* _Work instruction_: From the entries that follow, copy each line containing the word "dark".

Top of Data for processing

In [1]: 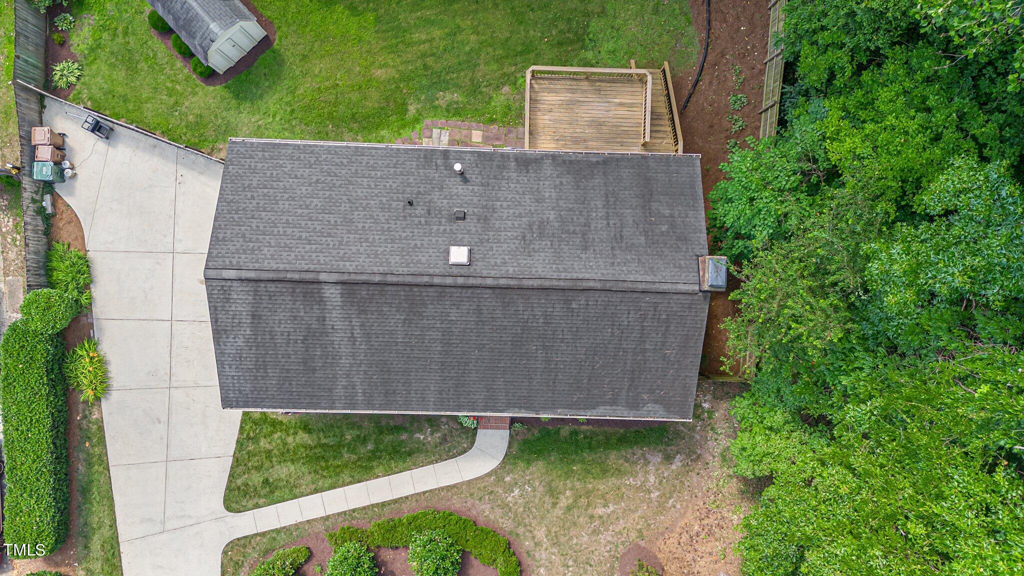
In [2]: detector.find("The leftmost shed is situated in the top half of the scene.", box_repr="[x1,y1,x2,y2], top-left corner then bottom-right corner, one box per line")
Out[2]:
[147,0,268,76]
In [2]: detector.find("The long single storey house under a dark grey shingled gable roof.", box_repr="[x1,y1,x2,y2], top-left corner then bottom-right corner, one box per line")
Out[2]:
[203,139,729,422]
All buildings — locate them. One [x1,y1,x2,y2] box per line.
[203,139,729,422]
[147,0,268,76]
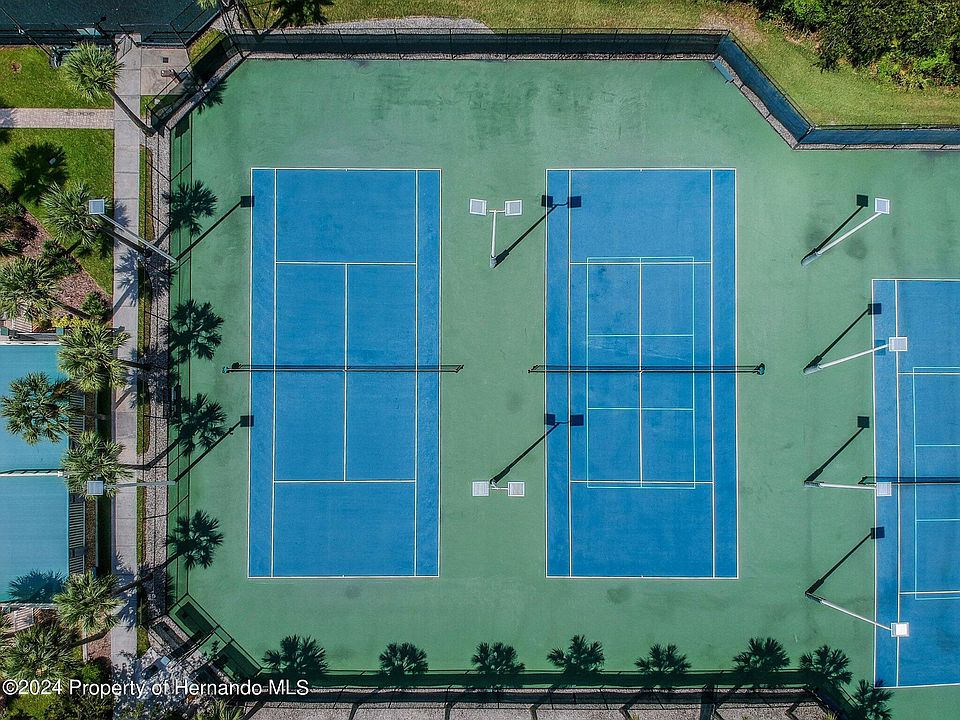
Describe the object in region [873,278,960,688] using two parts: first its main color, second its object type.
blue tennis court
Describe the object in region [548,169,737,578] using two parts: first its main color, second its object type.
blue tennis court
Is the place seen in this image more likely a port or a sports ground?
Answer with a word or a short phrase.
sports ground
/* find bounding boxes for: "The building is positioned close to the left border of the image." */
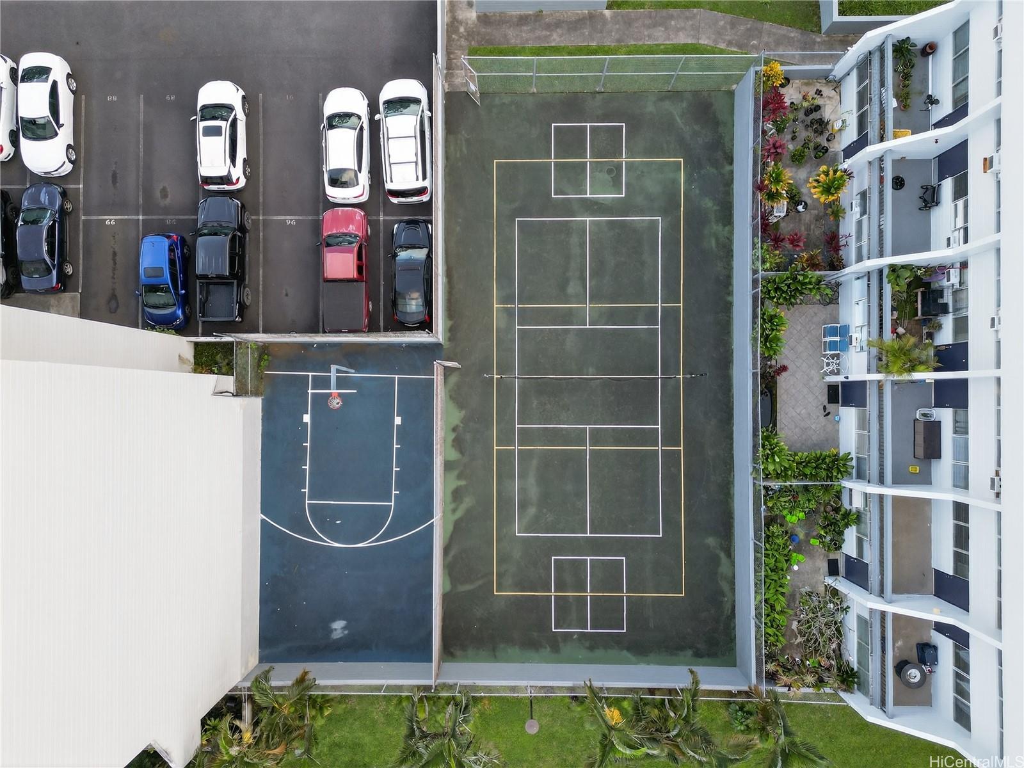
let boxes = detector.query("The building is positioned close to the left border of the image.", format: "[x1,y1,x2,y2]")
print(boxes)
[0,309,259,768]
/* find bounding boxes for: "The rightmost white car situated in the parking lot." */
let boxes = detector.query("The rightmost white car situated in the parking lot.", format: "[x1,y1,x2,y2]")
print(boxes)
[375,79,430,205]
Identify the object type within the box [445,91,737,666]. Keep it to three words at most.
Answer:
sports court
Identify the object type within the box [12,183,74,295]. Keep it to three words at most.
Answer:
car
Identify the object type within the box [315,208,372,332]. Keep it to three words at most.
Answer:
truck
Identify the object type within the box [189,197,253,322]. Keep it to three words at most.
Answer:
truck
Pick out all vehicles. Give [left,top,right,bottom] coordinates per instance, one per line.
[190,81,250,193]
[317,87,371,206]
[315,208,372,332]
[383,219,434,328]
[135,233,192,332]
[375,79,430,205]
[0,55,21,165]
[0,192,21,302]
[12,183,74,295]
[189,197,253,322]
[12,53,78,177]
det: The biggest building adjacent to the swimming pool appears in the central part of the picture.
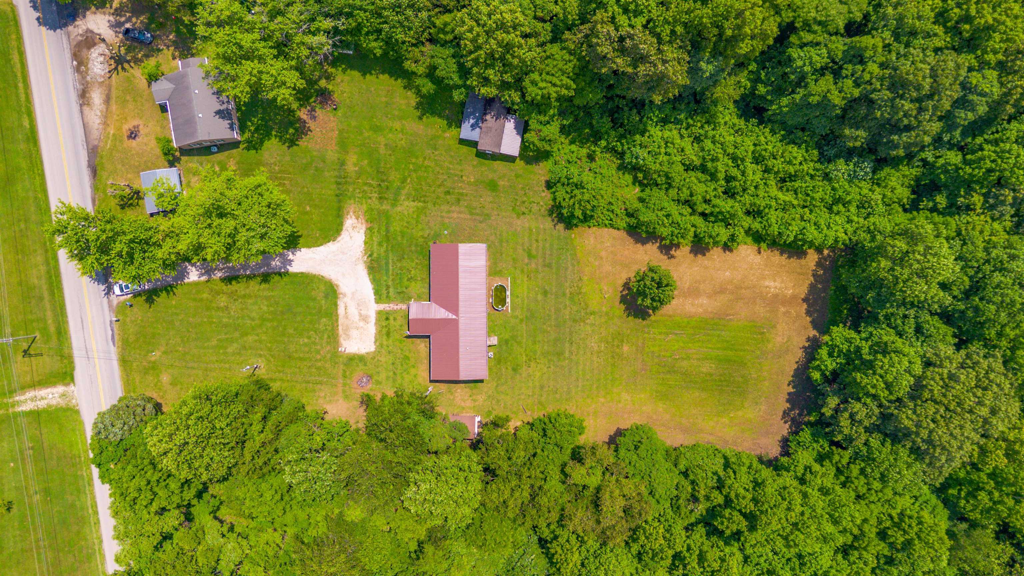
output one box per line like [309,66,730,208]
[408,242,487,382]
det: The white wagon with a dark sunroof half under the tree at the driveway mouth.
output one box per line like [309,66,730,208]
[112,279,145,296]
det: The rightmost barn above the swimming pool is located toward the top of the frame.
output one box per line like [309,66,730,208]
[460,93,523,158]
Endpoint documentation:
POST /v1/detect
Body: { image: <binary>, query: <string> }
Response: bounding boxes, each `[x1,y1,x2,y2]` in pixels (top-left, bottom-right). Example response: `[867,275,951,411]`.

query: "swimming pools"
[490,283,509,311]
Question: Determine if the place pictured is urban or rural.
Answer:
rural
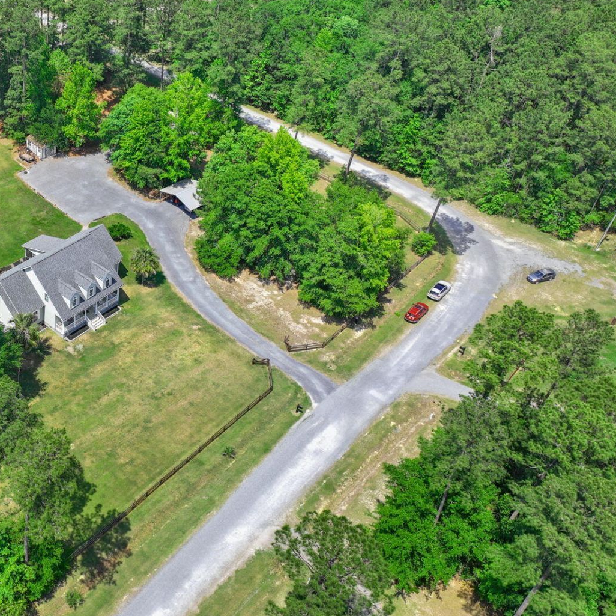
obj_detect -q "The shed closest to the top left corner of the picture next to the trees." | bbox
[27,132,59,159]
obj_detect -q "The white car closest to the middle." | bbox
[427,280,453,302]
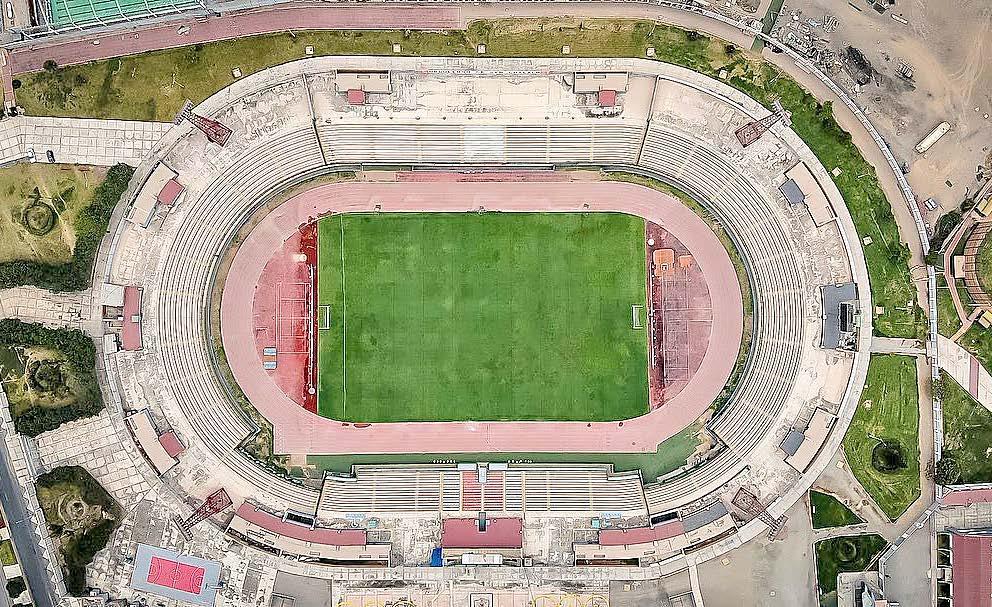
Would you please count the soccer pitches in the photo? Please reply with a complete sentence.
The picture shows just 1 soccer pitch.
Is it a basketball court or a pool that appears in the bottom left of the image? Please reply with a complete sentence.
The feature located in the bottom left of the image is a basketball court.
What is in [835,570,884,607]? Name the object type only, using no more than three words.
building
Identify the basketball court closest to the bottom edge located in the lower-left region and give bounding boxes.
[132,544,222,606]
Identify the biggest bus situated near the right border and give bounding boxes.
[911,123,949,153]
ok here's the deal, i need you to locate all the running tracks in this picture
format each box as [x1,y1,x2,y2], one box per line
[224,182,742,455]
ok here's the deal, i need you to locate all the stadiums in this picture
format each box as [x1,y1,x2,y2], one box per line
[90,55,874,584]
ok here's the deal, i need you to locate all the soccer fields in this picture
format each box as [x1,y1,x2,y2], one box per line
[317,212,650,421]
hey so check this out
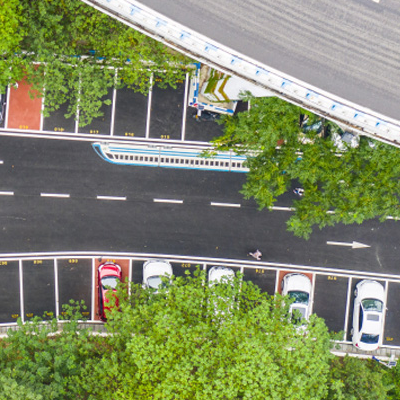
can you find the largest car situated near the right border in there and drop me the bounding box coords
[351,279,390,350]
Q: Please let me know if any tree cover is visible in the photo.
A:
Yes
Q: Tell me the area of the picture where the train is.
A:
center
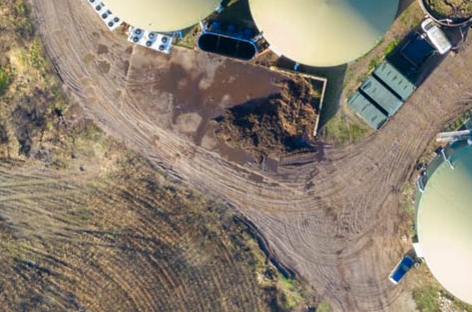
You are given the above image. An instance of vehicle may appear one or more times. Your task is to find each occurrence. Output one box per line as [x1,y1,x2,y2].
[387,252,414,283]
[417,18,453,56]
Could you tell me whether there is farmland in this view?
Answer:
Yes
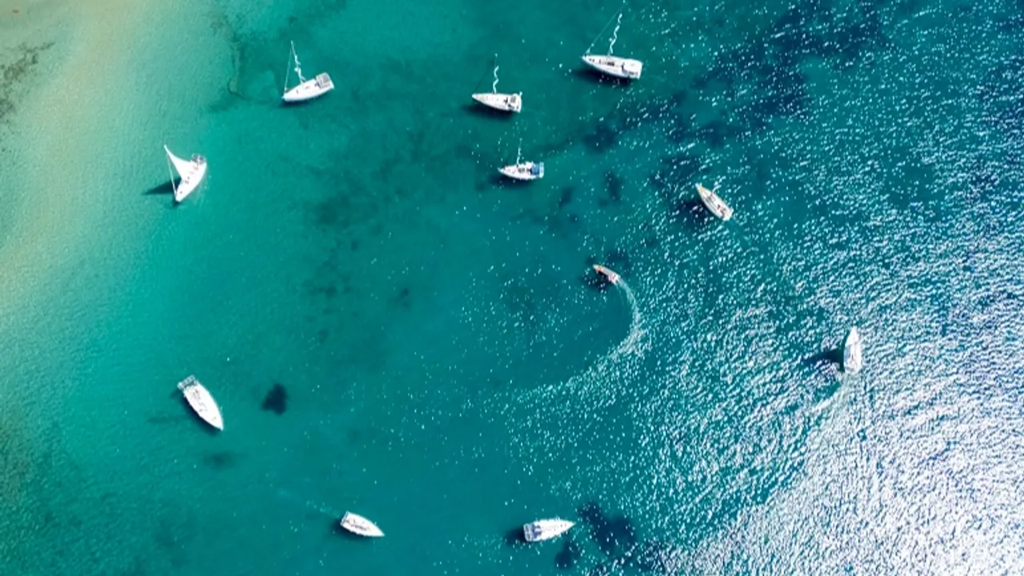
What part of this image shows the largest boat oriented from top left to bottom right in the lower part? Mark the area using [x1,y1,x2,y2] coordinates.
[179,379,225,431]
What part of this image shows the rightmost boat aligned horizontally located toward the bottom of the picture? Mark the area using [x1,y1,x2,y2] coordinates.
[518,517,575,542]
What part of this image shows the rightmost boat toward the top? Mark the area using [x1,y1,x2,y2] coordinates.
[696,170,736,222]
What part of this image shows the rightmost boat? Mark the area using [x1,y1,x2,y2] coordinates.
[842,321,886,377]
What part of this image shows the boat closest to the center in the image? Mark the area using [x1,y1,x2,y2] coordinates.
[594,265,621,286]
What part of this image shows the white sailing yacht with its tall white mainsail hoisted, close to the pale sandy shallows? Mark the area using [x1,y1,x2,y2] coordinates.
[163,144,210,204]
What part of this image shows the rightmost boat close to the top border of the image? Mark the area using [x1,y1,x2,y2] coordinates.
[581,4,643,80]
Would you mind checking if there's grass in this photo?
No
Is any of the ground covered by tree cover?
No
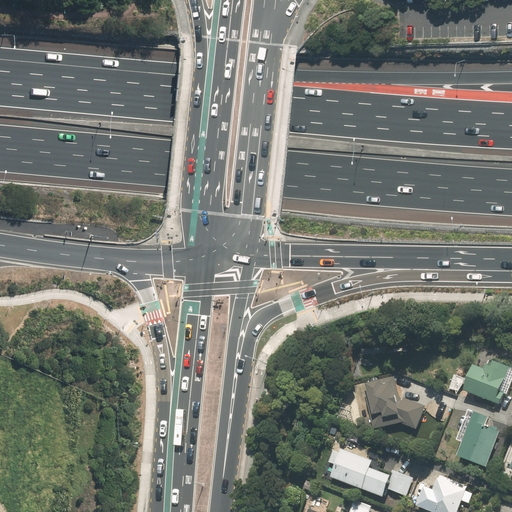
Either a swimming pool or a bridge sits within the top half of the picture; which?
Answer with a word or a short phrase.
bridge
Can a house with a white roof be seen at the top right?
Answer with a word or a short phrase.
No
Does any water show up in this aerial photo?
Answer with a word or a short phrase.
No
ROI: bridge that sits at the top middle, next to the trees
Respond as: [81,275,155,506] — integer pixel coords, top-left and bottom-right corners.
[165,35,298,220]
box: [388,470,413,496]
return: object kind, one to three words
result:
building
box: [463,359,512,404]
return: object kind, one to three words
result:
house
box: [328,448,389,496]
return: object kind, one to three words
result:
house
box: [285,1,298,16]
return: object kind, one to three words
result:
vehicle
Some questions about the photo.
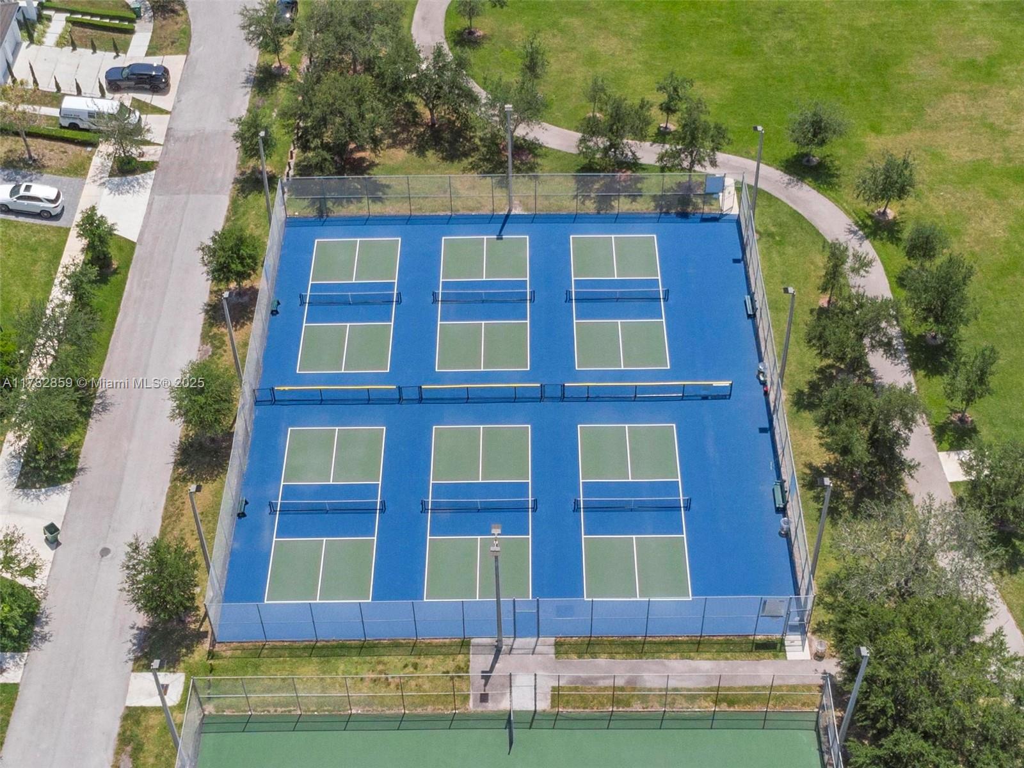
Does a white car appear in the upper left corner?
Yes
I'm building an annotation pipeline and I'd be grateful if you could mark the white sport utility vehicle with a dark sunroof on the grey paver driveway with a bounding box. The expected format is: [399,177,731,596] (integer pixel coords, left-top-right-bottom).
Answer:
[0,182,66,218]
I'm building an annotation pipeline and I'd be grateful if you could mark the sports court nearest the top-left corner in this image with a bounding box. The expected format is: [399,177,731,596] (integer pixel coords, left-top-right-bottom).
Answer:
[297,240,400,374]
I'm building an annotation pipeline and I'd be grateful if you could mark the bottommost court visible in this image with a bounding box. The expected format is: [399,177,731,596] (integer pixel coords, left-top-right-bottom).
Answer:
[195,709,827,768]
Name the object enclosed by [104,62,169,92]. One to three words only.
car
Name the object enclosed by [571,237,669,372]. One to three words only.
sports court
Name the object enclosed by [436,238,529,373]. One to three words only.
sports court
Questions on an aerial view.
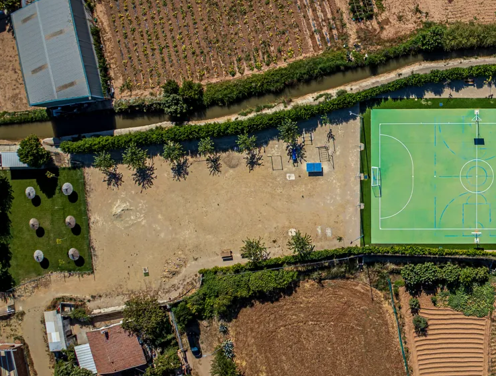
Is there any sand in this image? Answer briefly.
Yes
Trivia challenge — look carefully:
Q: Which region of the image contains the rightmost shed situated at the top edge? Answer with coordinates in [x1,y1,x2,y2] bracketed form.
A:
[10,0,104,107]
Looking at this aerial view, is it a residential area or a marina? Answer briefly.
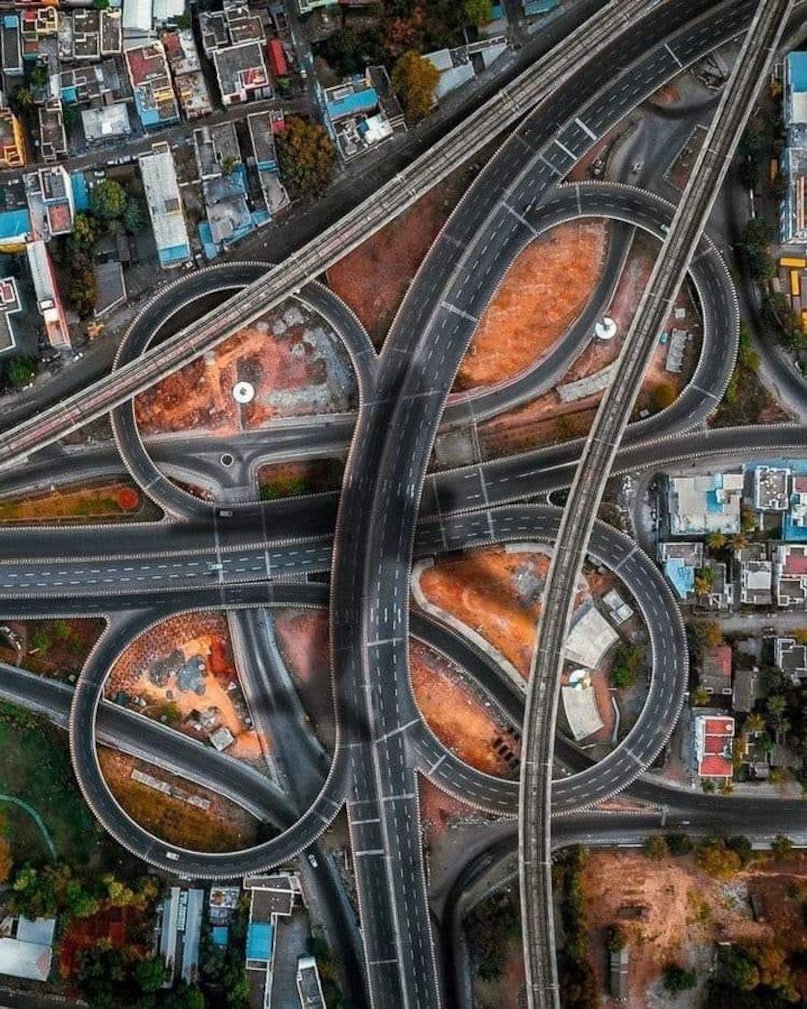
residential area
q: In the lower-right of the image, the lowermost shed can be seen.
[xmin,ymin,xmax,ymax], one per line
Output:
[608,940,630,999]
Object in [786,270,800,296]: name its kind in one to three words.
vehicle
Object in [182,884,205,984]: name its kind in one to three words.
shed
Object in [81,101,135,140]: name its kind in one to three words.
house
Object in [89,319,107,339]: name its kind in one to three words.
work vehicle
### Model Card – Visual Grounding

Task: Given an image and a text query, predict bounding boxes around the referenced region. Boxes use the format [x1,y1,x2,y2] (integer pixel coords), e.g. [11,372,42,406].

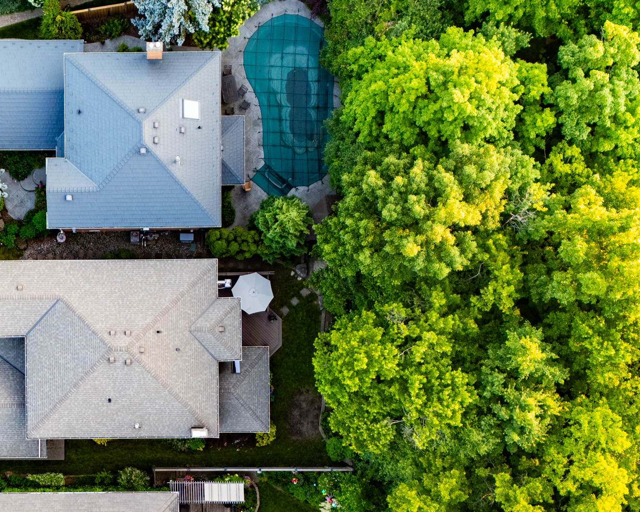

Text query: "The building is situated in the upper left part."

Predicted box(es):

Bottom of Data for processing

* _Answer for the task_:
In [2]: detector.find("The long single storey house under a dark grey shingled gable roof.", box_repr="[x1,y1,x2,y2], top-left corner then bottom-right corner, one box per line")
det: The white wagon with a dark sunroof half under the tree at the driveway mouth.
I'm building an annotation pipeline and I'd be grateful if you could mark the white sport utility vehicle with a dark sunroof on the grey paver driveway with a bounding box. The expected format is: [399,177,731,596] (integer pixel coords, left-top-right-bottom).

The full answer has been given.